Martín Zamora se lamió los labios acartonados y se preguntó cómo estarían sus parientes viviendo el Año Nuevo en la antigua fortaleza poblada de Castellar de Andalucía. Las uvas de medianoche…
– Estamos en otro mundo, en donde el hombre lo puede vivir. ¿Por qué estáis mudos?
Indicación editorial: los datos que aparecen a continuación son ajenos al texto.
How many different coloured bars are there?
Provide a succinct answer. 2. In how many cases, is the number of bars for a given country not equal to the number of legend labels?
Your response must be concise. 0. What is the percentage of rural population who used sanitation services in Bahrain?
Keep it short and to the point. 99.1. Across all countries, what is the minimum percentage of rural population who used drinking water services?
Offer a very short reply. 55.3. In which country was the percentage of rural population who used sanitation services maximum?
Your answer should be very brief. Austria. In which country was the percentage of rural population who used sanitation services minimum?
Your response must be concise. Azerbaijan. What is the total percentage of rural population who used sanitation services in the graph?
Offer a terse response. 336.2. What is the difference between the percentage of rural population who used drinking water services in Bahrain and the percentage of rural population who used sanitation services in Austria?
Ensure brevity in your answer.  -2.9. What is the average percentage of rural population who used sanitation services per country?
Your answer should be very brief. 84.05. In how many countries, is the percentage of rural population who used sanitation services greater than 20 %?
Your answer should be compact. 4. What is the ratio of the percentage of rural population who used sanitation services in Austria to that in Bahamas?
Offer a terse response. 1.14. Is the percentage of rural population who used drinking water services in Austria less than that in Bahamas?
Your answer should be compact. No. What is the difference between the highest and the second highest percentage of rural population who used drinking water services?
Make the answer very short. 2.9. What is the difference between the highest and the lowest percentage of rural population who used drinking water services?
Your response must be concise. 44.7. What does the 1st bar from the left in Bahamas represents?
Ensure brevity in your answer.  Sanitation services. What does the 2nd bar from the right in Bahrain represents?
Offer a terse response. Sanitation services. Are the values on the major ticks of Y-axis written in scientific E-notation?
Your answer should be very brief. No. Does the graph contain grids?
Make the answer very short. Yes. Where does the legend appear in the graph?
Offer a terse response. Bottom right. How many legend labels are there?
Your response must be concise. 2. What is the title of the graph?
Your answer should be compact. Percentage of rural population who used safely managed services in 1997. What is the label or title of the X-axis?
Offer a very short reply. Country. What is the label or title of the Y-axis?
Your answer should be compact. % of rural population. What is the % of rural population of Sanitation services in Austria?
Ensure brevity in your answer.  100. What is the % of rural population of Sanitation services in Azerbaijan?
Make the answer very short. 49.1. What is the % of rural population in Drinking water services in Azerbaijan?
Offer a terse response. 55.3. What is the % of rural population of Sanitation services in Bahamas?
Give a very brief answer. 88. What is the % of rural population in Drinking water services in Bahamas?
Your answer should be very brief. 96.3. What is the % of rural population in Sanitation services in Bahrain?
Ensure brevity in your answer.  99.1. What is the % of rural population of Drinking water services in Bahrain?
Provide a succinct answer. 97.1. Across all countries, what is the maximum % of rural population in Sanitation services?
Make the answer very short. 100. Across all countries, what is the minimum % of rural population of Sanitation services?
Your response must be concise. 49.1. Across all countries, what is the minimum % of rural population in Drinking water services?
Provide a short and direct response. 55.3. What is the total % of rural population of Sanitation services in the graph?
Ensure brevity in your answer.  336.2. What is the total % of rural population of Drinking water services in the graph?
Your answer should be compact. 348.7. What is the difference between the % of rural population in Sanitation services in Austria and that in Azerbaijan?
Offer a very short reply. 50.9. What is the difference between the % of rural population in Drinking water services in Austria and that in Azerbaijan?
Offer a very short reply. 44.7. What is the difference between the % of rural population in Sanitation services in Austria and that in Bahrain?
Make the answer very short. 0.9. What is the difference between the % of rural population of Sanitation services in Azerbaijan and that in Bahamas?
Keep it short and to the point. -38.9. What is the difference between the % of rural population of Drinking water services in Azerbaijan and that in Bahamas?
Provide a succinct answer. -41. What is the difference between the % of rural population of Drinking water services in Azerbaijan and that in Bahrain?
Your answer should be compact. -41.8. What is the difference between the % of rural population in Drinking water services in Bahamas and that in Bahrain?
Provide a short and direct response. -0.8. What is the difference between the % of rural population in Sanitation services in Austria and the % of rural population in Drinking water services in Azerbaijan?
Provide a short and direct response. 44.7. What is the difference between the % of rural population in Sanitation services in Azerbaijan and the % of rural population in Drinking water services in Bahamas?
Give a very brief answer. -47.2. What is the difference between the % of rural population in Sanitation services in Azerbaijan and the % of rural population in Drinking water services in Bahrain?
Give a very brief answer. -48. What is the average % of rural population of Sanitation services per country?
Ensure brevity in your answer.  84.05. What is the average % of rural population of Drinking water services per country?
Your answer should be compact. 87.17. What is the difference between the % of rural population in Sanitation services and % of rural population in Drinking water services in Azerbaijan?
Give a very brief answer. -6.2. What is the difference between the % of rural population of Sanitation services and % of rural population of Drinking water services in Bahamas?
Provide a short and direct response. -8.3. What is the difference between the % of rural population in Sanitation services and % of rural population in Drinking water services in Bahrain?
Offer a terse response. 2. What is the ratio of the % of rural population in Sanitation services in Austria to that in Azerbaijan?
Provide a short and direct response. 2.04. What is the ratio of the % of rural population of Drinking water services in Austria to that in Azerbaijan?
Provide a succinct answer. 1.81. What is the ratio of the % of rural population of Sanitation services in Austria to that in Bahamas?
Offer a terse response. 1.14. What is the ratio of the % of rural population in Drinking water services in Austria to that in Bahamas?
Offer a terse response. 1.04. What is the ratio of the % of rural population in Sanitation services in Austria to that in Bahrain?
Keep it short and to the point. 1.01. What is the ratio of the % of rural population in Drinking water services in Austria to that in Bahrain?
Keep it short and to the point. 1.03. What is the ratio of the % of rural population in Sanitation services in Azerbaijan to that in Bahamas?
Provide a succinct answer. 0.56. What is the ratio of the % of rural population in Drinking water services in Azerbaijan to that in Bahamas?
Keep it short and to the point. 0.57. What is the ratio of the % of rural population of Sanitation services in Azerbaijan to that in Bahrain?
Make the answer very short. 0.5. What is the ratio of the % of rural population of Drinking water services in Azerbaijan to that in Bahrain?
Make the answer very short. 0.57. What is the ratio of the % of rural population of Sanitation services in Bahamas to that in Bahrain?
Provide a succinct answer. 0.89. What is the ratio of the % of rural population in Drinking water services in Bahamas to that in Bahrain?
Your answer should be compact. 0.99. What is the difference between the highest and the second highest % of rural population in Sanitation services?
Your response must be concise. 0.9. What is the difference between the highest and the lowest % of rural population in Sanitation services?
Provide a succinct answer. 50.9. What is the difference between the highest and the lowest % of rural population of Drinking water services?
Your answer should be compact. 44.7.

– No estamos en otro mundo, andaluz… -rió sargento de apellido Romagnoli-. La señora de Laserre duerme en la isla Caridad y nosotros le cuidamos la casa.
Nadie más habló. Sólo Pascual Bailón expresaba con dedos rápidos su musiquilla suave al fondo de la gran habitación.
A una cuadra de distancia, cuando se iniciaba tenue la claridad de la madrugada, el Detall inició un vibrante toque de diana que enseguida fue repetido en todos los cuerpos de la guarnición.
El capitán Hermenegildo Alarcón pasó al trote frente a las ventanas destrozadas y abiertas a la calle y dio el grito de alerta para la pelea.
El negro Guite vio que en la esquina de la plaza, frente a la casa de la familia Argentó, el teniente Rafael Pons encendía la mecha del cañón y aguardaba la orden de hacer fuego apuntando hacia Bella Vista.
– El muchacho tiene huevos… -dijo Harris, acercándose por detrás del gigante Guite, dándole un codazo mientras observaba a lo lejos la figura menuda del teniente Pons con su sombrero negro de ala requintada y su aire de buena suerte. Se suponía que en la otra esquina, frente a la casa de Paredes, también hacía otro tanto el sargento distinguido Juan Irrazábal, los dos artilleros, “muchachos del capitán Federico Fernández”, prontos a prologar la batalla final.
Al despuntar el sol en el horizonte se escuchó la diana nuevamente y luego se instaló el silencio absoluto, cubriendo una prudencia latente sobre los techos del pueblo, apenas roto por la nitidez de una tos seca que venía de lo alto del torreón de la plaza.
– Llegó la hora, mis amigos… -avisó Raymond Harris tomando el fusil-. Junto a esa diana romperá el fuego.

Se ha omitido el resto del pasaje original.